■ **Task to complete**
Within the entries below, please retype exactly the lines starting with the line that has "Locate the sofa (108,174,427,349)" and going on through the line that has "Example of the", but not the pictures.

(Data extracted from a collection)
----

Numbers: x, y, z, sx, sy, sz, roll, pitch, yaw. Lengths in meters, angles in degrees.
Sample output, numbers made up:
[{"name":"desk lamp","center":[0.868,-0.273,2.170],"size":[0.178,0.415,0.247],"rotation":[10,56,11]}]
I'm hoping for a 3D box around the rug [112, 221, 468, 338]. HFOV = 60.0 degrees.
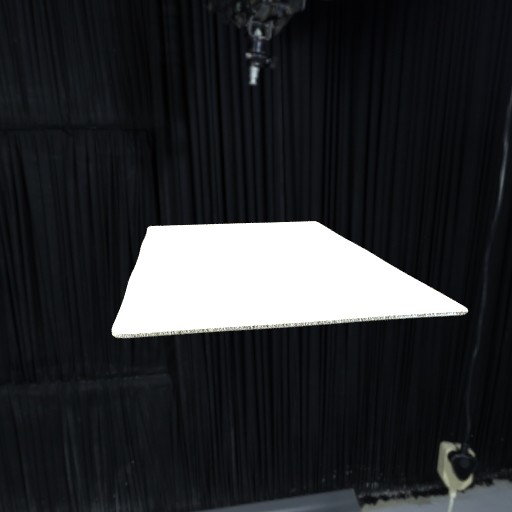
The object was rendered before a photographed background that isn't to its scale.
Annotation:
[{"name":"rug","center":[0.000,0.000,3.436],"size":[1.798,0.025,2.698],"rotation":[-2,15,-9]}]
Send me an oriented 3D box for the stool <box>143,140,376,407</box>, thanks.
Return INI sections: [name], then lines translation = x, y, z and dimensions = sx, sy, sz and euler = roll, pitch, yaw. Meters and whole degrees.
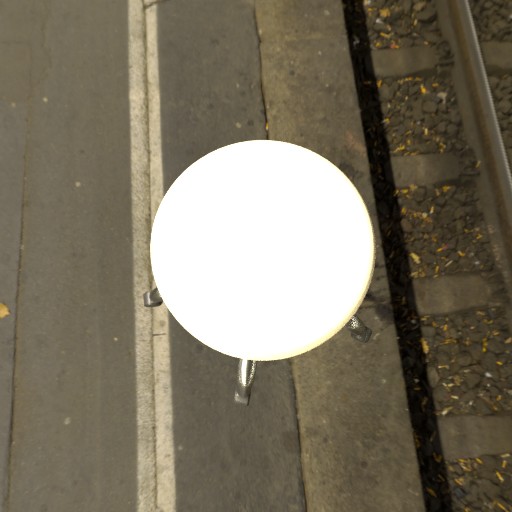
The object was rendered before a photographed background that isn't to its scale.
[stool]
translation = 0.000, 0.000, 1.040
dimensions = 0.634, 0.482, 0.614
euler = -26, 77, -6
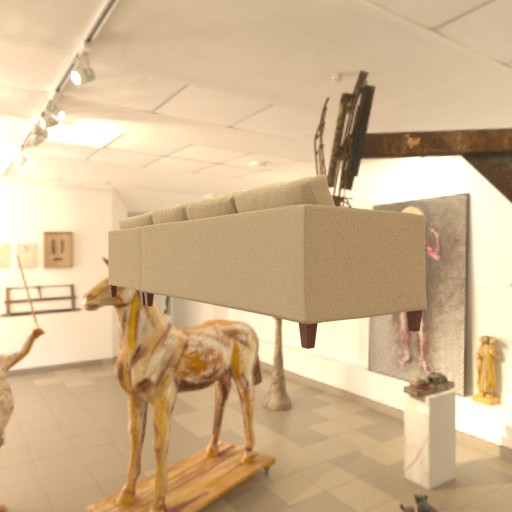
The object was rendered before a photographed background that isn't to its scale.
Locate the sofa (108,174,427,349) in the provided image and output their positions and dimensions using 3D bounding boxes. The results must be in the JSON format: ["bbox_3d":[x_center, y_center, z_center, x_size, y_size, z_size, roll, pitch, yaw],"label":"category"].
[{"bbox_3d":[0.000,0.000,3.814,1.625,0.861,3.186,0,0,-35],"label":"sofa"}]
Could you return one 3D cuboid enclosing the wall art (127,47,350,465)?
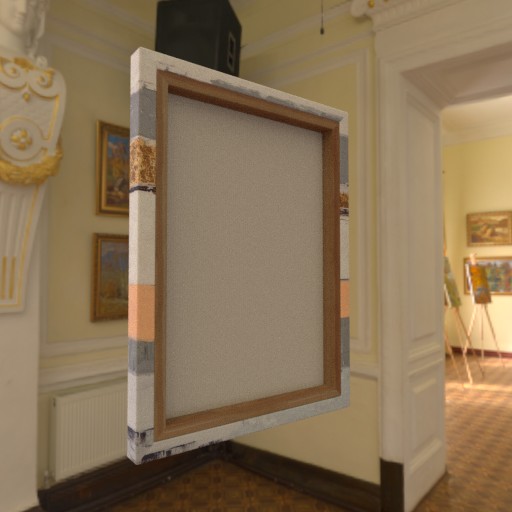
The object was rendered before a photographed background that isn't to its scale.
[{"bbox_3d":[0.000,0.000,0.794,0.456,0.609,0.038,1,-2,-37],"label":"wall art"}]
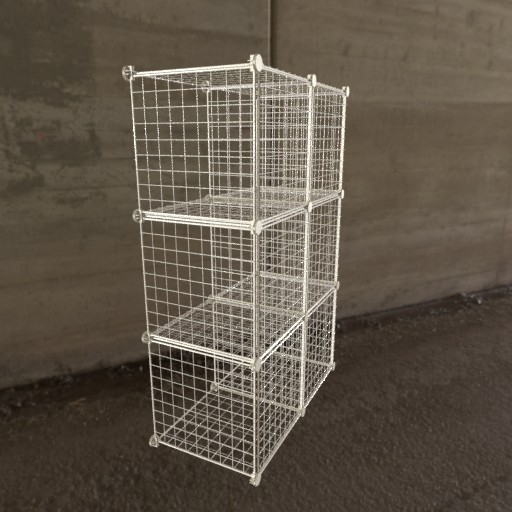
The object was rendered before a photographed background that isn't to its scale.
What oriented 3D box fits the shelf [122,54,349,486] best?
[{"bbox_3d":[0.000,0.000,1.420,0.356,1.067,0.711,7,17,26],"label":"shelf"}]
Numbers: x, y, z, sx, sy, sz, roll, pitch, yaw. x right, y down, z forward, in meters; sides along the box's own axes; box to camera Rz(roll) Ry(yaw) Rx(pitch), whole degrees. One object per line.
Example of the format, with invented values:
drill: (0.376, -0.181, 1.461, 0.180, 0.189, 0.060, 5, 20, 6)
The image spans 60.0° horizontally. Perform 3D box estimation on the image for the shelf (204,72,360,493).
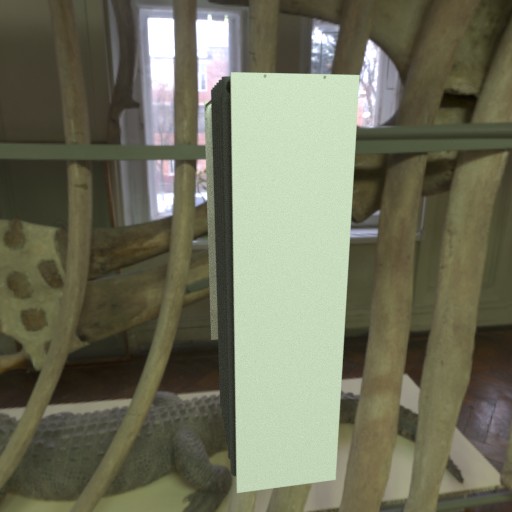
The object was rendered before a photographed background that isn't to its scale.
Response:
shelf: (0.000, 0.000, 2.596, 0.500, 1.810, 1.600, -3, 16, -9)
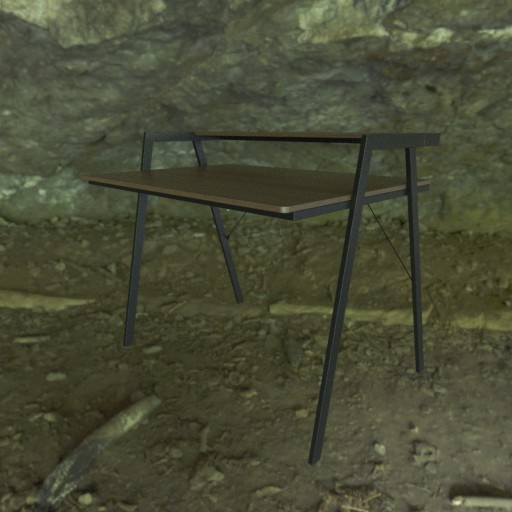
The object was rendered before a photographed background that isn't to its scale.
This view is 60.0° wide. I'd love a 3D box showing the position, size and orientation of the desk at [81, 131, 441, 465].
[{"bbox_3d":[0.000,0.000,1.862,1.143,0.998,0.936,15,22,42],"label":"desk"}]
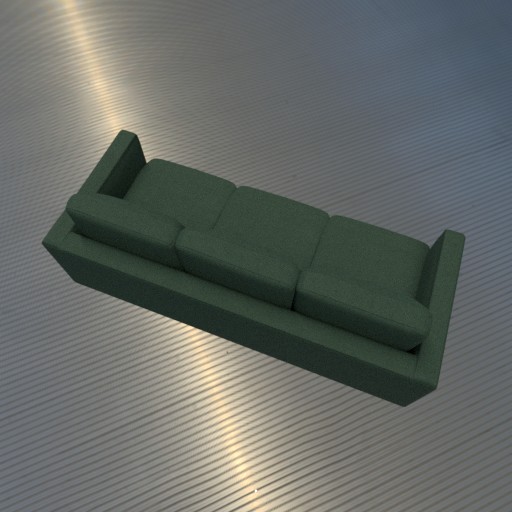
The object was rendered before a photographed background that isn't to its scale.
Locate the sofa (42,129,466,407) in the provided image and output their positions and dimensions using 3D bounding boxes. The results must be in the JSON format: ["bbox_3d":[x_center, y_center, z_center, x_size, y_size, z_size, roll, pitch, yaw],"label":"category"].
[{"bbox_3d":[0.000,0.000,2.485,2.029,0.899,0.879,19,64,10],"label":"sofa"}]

----

■ **Exercise solution**
Locate the sofa (108,174,427,349) in the provided image and output their positions and dimensions using 3D bounding boxes. The results must be in the JSON format: ["bbox_3d":[x_center, y_center, z_center, x_size, y_size, z_size, roll, pitch, yaw],"label":"category"].
[{"bbox_3d":[0.000,0.000,3.814,1.625,0.861,3.186,0,0,-35],"label":"sofa"}]
Could you return one 3D cuboid enclosing the wall art (127,47,350,465)?
The object was rendered before a photographed background that isn't to its scale.
[{"bbox_3d":[0.000,0.000,0.794,0.456,0.609,0.038,1,-2,-37],"label":"wall art"}]
The object was rendered before a photographed background that isn't to its scale.
What oriented 3D box fits the shelf [122,54,349,486] best?
[{"bbox_3d":[0.000,0.000,1.420,0.356,1.067,0.711,7,17,26],"label":"shelf"}]
Numbers: x, y, z, sx, sy, sz, roll, pitch, yaw. x right, y down, z forward, in meters; sides along the box's own axes; box to camera Rz(roll) Ry(yaw) Rx(pitch), whole degrees. One object per line.
Example of the format, with invented values:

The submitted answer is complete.